Minggu, 17 Mei 2020

Putusan Permohonan


(iStock)

Oleh:
Tim Hukumindo

Sebelumnya telah dibahas mengenai prinsip pembuktian pada Permohonan, pada kesempatan ini redaksi Hukumindo.com akan membahas mengenai Putusan Permohonan.

Adapun bentuk penetapan terkait permohonan berisi pertimbangan dan diktum penyelesaian permohonan dituangkan dalam bentuk penetapan, dan namanya juga disebut penetapan atas ketetapan (beschikking; decree). Bentuk ini membedakan penyelesaian yang dijatuhkan Pengadilan dalam gugatan contentiosa. Dalam gugatan perdata yang bersifat partai, penyelesaian yang dijatuhkan berbentuk putusan atau vonis (award).[1]

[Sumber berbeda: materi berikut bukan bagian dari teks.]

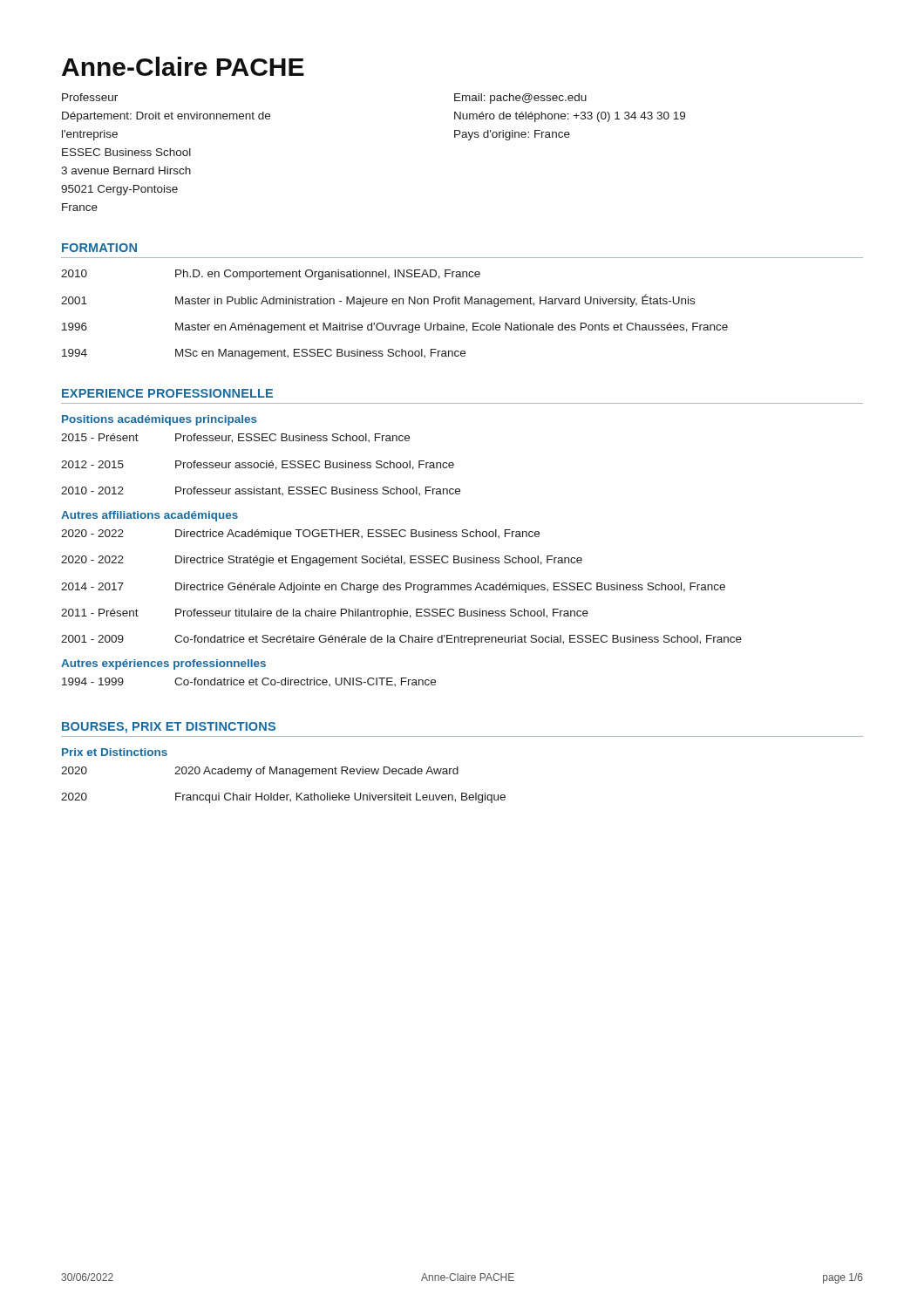
Task: Click on the section header that says "EXPERIENCE PROFESSIONNELLE"
Action: (x=167, y=394)

Pada permohonan, diktum bersifat deklarator, yaitu:[2]
  1. Diktumnya hanya berisi penegasan pernyataan atau deklarasi hukum tentang hal yang diminta;
  2. Pengadilan tidak boleh mencantumkan diktum condemnatoir (yang mengandung hukuman) terhadap siapa pun;
  3. Juga tidak dapat memuat amar konstitutif, yaitu yang menciptakan suatu keadaan baru, seperti membatalkan perjanjian, menyatakan sebagai pemilik atau sesuatu barang, dan sebagainya.
____________________
1.“Hukum Acara Perdata (Tentang Gugatan, Persidangan, Penyitaan, Pembuktian, Dan Putusan Pengadilan)”, M. Yahya Harahap, S.H., Sinar Grafika, Jakarta, 2010, Hal.: 40.
2. Ibid. Hal.: 40-41.

Jumat, 15 Mei 2020

Prinsip Pembuktian Pada Permohonan


(iStock)

Oleh:
Tim Hukumindo

Sebelumnya telah dibahas mengenai proses pemeriksaan permohonan, masih pada pokok yang berkaitan, pada kesempatan ini redaksi Hukumindo.com akan membahas mengenai Prinsip Pembuktian Pada Permohonan.

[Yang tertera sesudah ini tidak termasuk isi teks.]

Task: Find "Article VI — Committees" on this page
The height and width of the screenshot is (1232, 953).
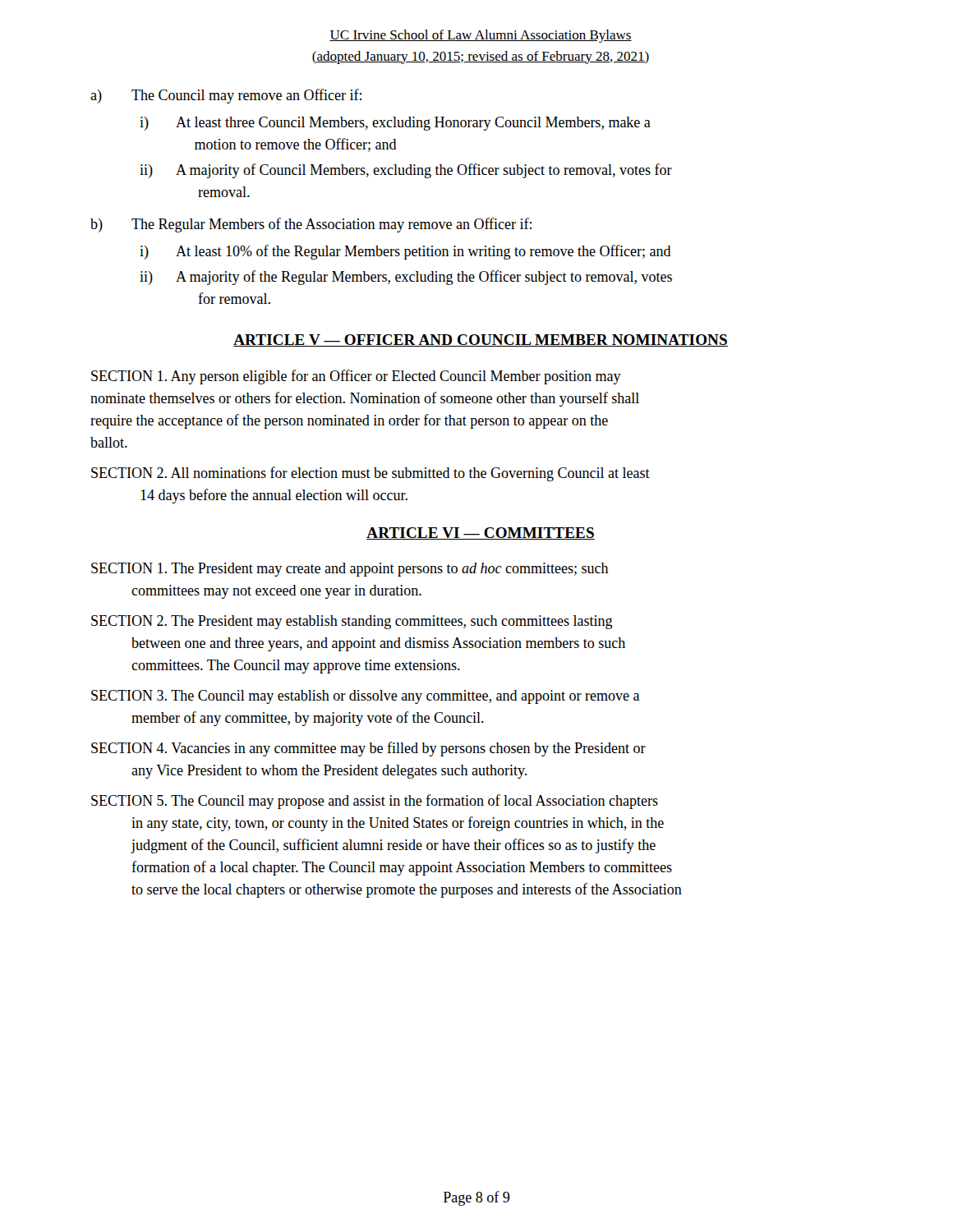Action: coord(481,532)
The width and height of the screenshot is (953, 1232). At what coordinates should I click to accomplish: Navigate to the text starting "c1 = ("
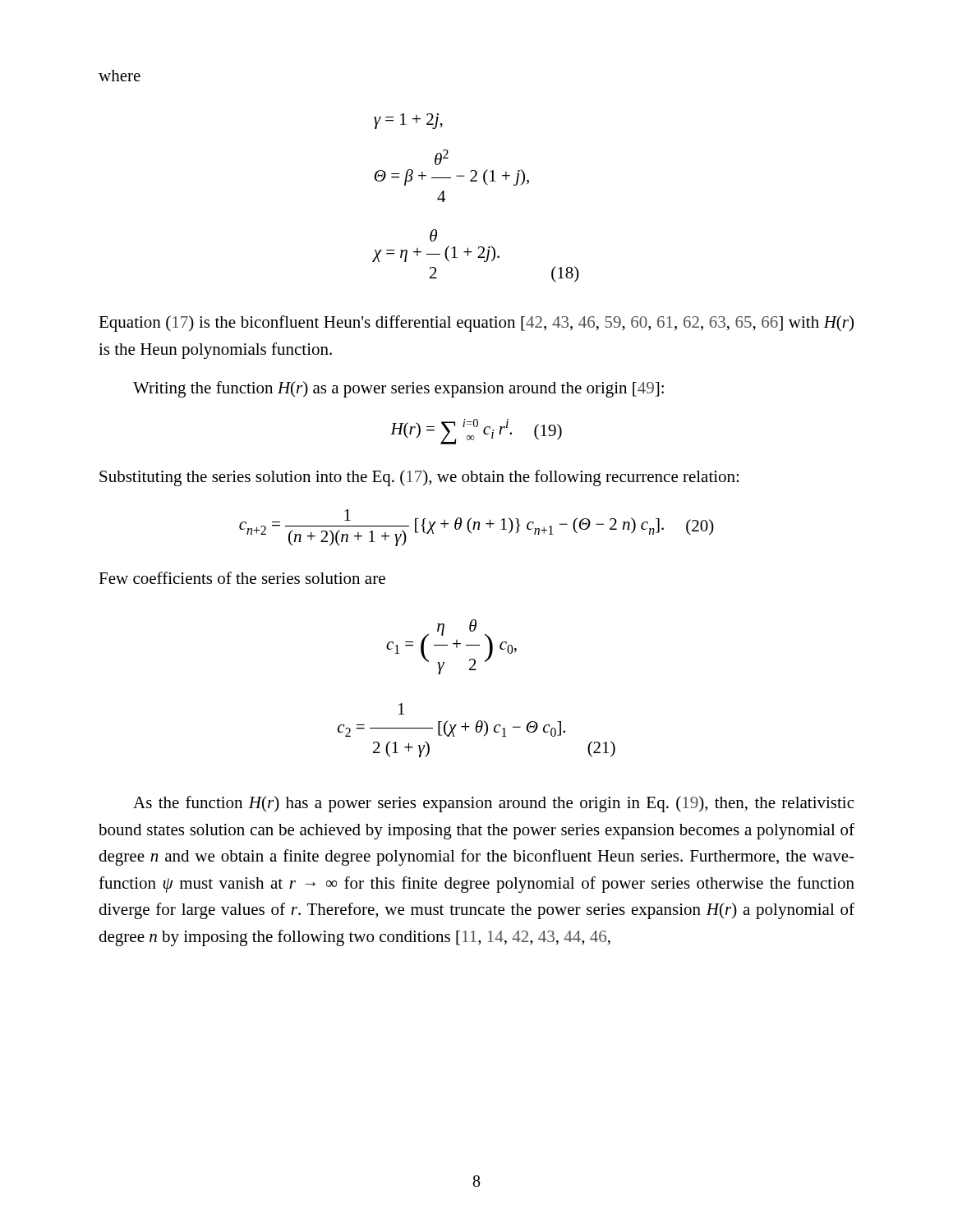click(451, 647)

Berbeda dengan proses pemeriksaan permohonan dimana terdapat beberapa asas yang tidak ditegakkan, pada proses pembuktiannya tetap harus menegakkan prinsip-prinsip pembuktian pada umumnya di hukum acara perdata.

Prinsip ajaran dan sistem pembuktian, harus ditegakkan dan diterapkan sepenuhnya dalam proses pemeriksaan dan penyelesaian permohonan. Mengabaikan penegakkan dan penerapan ajaran dan sistem pembuktian dalam pemeriksaan permohonan, dapat menimbulkan akibat yang sangat fatal. Misalnya, permohonan izin poligami. Ternyata bukti yang diajukan pemohon adalah surat keterangan persetujuan dari wanita lain, bukan dari istri pertama Pemohon. Jika Pengadilan hanya bersikap formil, bukti itu dianggap sudah cukup bagi hakim memberi izin poligami. Akan tetapi, apabila ditegakkan ukuran batas minimal pembuktian, surat dimaksud belum cukup memenuhi batas minimal. Oleh karena itu, harus ditambah lagi dengan alat bukti lain, seperti keterangan saksi.[1]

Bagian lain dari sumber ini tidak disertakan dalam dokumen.